I started working with R Notebooks pretty recently and I really, really, really, really like them. I haven’t done anything sophisticated with them yet so I’m going to try to keep this post pretty short. He’s what I’m aiming for today:
- Tell you why I think R Notebooks are cool and provide an example of a functioning Notebook.
- Give you some specific instructions on how to start using notebooks (the kind of stuff you could just Google off the interwebs….but I’m trying to be a full-service type of shop here).
Why are R Notebooks Cool?
R Notebooks allow you to combine text, equations, and code to produce a slick looking document. A key difference between R Notebooks and plain old vanilla R Markdown Documents is that R Notebooks allow you to have code chunks that can be run independently and interactively.
A use-case where this functionality really shines in teaching. Think of the way a lot of us learned econometrics. Basically, we worked through Bill Greene’s big book of idempotent matricies then, at some point, we had to do a homework assignment that involved actual data and we shit our pants…then a lot of us without a strong programming background did one of two things:
1. Jacked around in Gauss or C forever trying to figure out how to do …then gave up and tried to find somebody to show us how to use a black box application like Shazam, STATA, SAS, etc.
2. Went straight to some black-box application, did some version of:
reg y x
which did nothing to strengthen our understanding of the OLS estimator.
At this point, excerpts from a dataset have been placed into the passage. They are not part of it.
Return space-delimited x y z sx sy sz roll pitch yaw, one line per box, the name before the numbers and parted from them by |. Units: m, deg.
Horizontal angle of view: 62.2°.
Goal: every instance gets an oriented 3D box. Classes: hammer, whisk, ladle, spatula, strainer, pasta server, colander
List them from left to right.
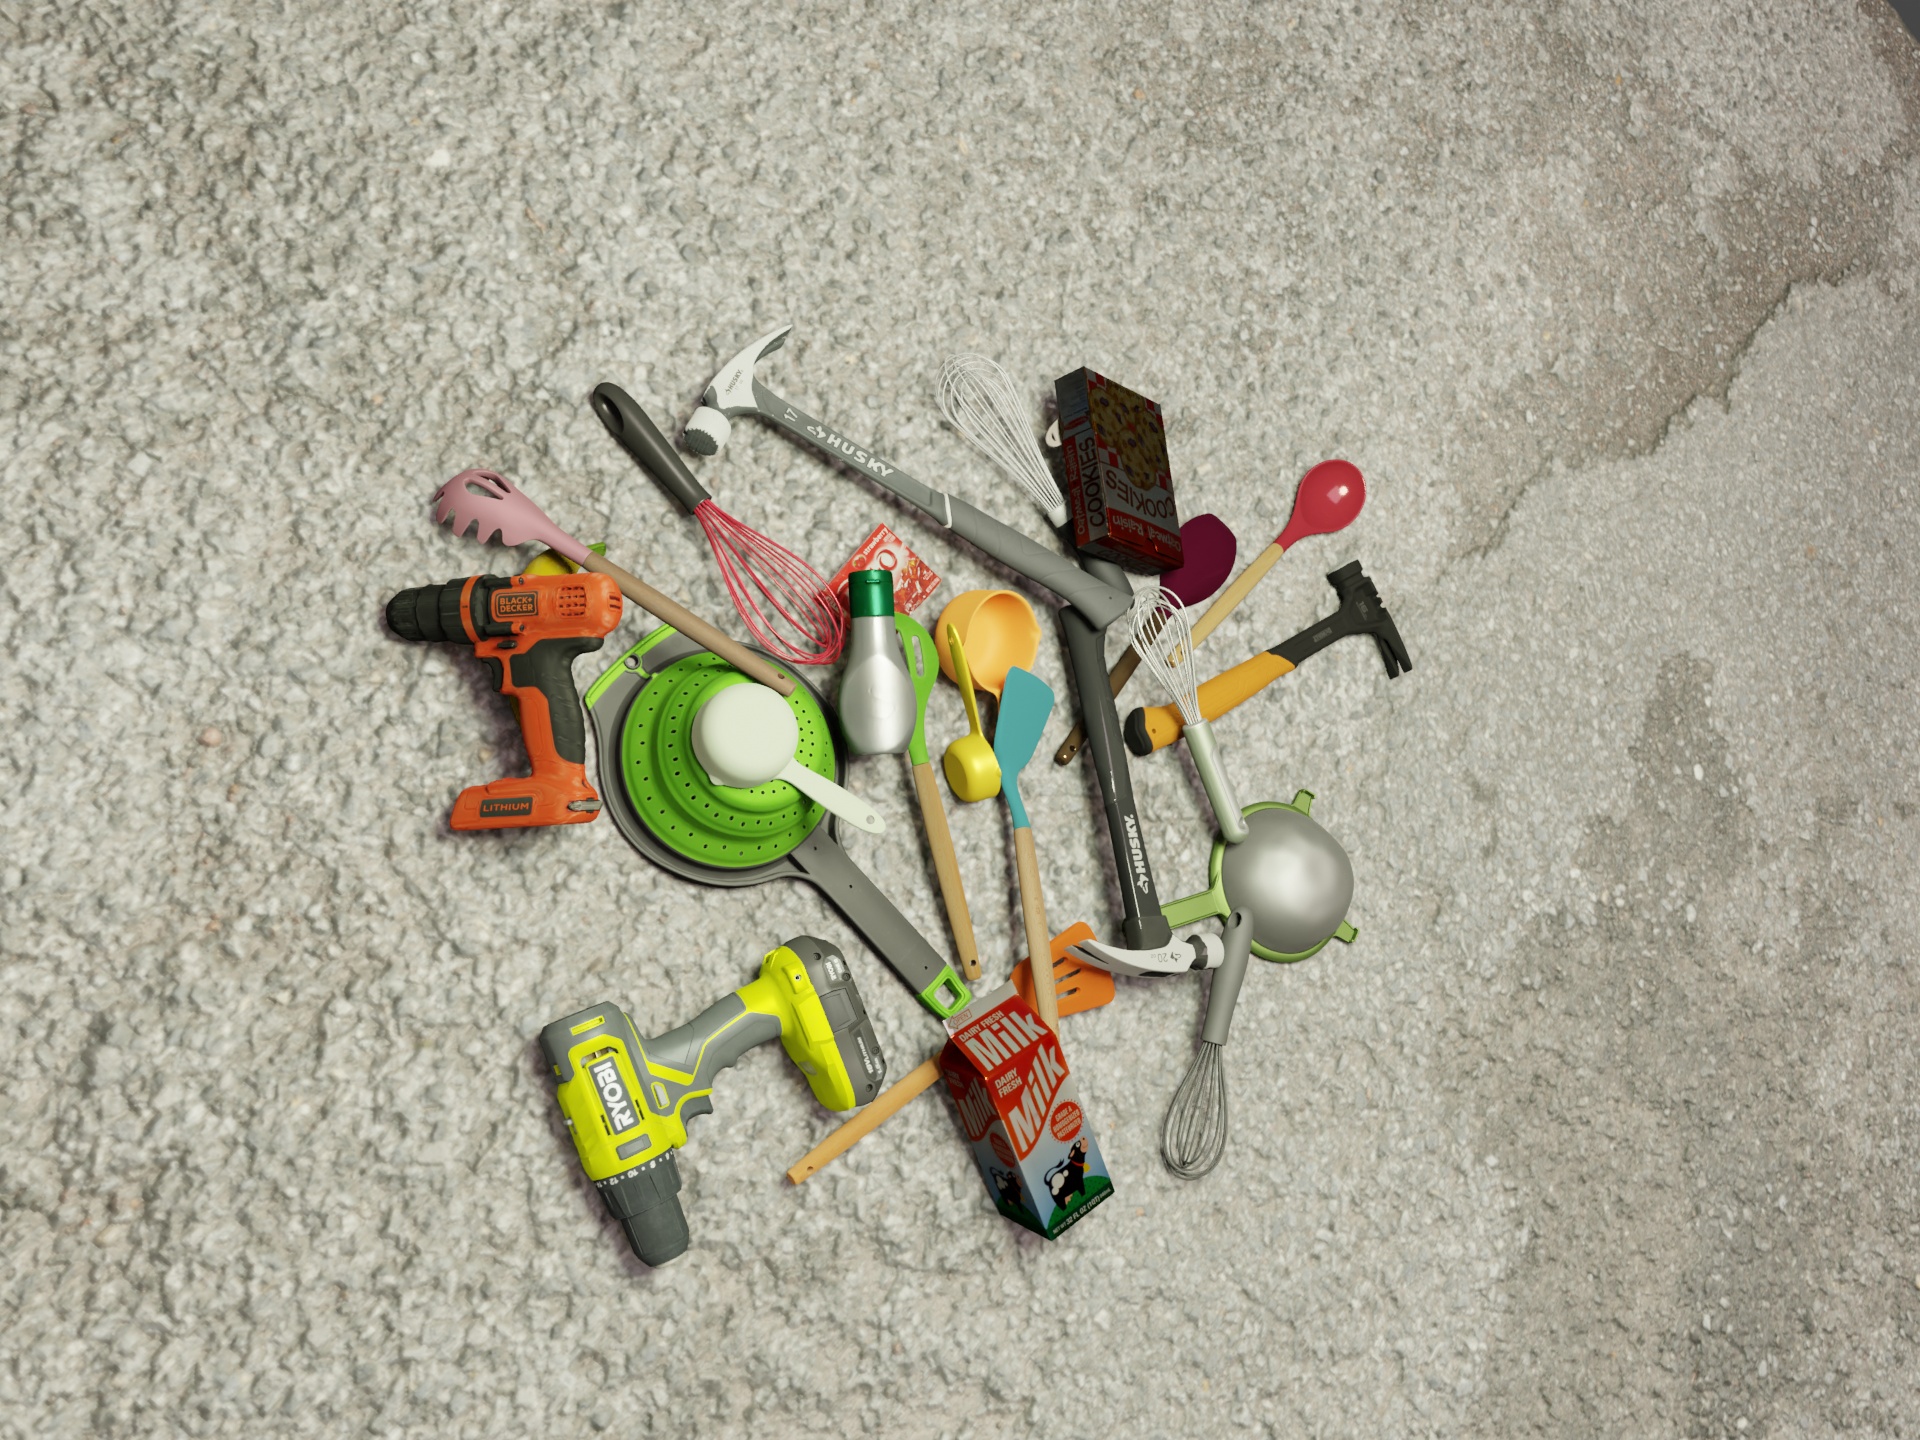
pasta server | -0.261 -0.103 1.209 0.316 0.040 0.060 33 49 2
whisk | -0.199 -0.160 1.295 0.073 0.073 0.296 -41 91 -28
colander | -0.117 0.084 1.248 0.397 0.094 0.204 48 62 -7
hammer | -0.029 -0.194 1.369 0.408 0.036 0.149 29 57 -10
spatula | -0.006 0.273 1.277 0.322 0.041 0.081 -32 109 -31
spatula | 0.064 0.112 1.325 0.082 0.044 0.318 29 48 -55
whisk | 0.073 -0.214 1.446 0.070 0.070 0.284 -43 102 -28
hammer | 0.130 0.057 1.375 0.146 0.035 0.335 1 70 -33
whisk | 0.207 -0.004 1.421 0.058 0.059 0.246 -29 99 -55
whisk | 0.220 0.276 1.370 0.055 0.055 0.239 18 80 -21
strainer | 0.263 0.153 1.429 0.256 0.069 0.151 -13 83 -30
ladle | 0.296 -0.151 1.551 0.069 0.031 0.315 49 64 -7
hammer | 0.291 -0.041 1.515 0.337 0.034 0.127 -27 88 -29

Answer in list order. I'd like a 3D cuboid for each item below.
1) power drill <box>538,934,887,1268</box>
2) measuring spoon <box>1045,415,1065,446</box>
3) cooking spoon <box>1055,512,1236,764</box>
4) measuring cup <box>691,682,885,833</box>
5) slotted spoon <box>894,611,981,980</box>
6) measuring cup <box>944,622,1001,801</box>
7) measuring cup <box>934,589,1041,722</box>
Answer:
power drill | -0.177 0.275 1.181 0.228 0.080 0.190 -21 86 -26
measuring spoon | 0.101 -0.278 1.474 0.034 0.018 0.124 60 39 -15
cooking spoon | 0.173 -0.078 1.476 0.068 0.017 0.319 42 63 -11
measuring cup | -0.120 0.034 1.181 0.167 0.038 0.083 34 64 -11
slotted spoon | -0.024 0.061 1.315 0.070 0.031 0.314 -13 87 -18
measuring cup | -0.002 -0.004 1.327 0.029 0.062 0.156 -21 110 -24
measuring cup | 0.021 -0.029 1.377 0.095 0.052 0.173 -16 109 -42

Notebooks (in this case R Notebooks) make great teaching tools because you can combine:
1. Text – such as a conceptual discussion of what linear regression is about and,
2. Equations/Math – such as a rigorous derivation of the OLS estimator and,
3. Interactive Code that the student can run to deepen their understanding of what the estimator is and how to implement it is a ‘real world’ type situation.
Here is a great example of where the independent code execution feature comes in handy. It was provided by a colleague of mine who taught a short course on time-series analysis using an R Notebook. The notebook covered a range of topics and one code chunk in particular was designed to caution against making judgements regarding stationarity of a time-series based on plots. He set up the following simulation:
library(xts) library(KFAS) x = arima.sim(list(order=c(2,0,0),ar=c(1,-0.9),n=2^8) ts.plot(x)
In water-down terms a stationary time-series should have a mean and variance that don’t change over time….however, using the code above to generate series from a process that is known to be stationary we can see that this process often generates series that LOOK non-stationary.
The cool thing about setting this code chunk up in an R Notebook is that other code chunks in the same notebook can contain modules that do other things like read in big data sets and use them to run models…but since the simulation is it’s own chunk it can be run, re-run, and played with by the user without having to run all the other chunks (some of which might do time-intensive things).
An R Notebook for my Average Treatment Effects Project
In my last post I set out to replicate a variety of average treatment effect estimators discussed in this post on The STATA Blog. My main motivation was that I wanted a deeper understanding of some of these average treatment effect estimators than STATA’s black box nature is set up to provide.
I created an R Project with a few scripts that run through some basic average treatment effect estimation using a data set from Matias Cattaneo’s 2010 Journal of Econometrics study on the effect of smoking during pregnancy on babys’ birthweights. The scripts are available on GitHub here:
I have now basically wrapped the discussion from here into an R Notebook.
So if you wanted to replicate my replication of the STATA Blog post you could do 1 of 2 things:
- Clone the GitHub Repo, open the project, then run the code in R/POM_estimate.R and R/ipw_estimate.R in the order in which those code chunks appear in here…..Or,
- Make sure you have the Preview Version of R Studio
- Clone the GitHub Repo, open the project.
- Open the ‘treatmenteffects.RMD’ file and you will be able to run the chunks of code individually and walk through the estimation of i) Potential Outcome Means, ii) Inverse Probability Weighted Means, and iii) Propensity Score Adjusted Regression for the effect of smoking on birthweight problem from Cattaneo (2010).
You’ll notice the R Notebook, much like an R Markdown doc has code chunks marked by:
but unlike your standard R Markdown doc you’ll notice a little play button in the top right corner of each code chunk.
- R Notebooks are pretty cool ways to combine text, equations, and interactive code
- They are a great tool for teaching, report generation, and collaborative coding
- Like regular R Markdown docs they can output to nice clean .html files or .pdf files…here is a sample from my Average Treatment Effects Notebooks output to .html and opened in a standard web-browser:
- Unlike regular R Markdown docs the code chunks in an R Notebook can be run independent of one another…so I user can monkey with options in one chunk and run it a few times without having to compile the entire document each time some code is run.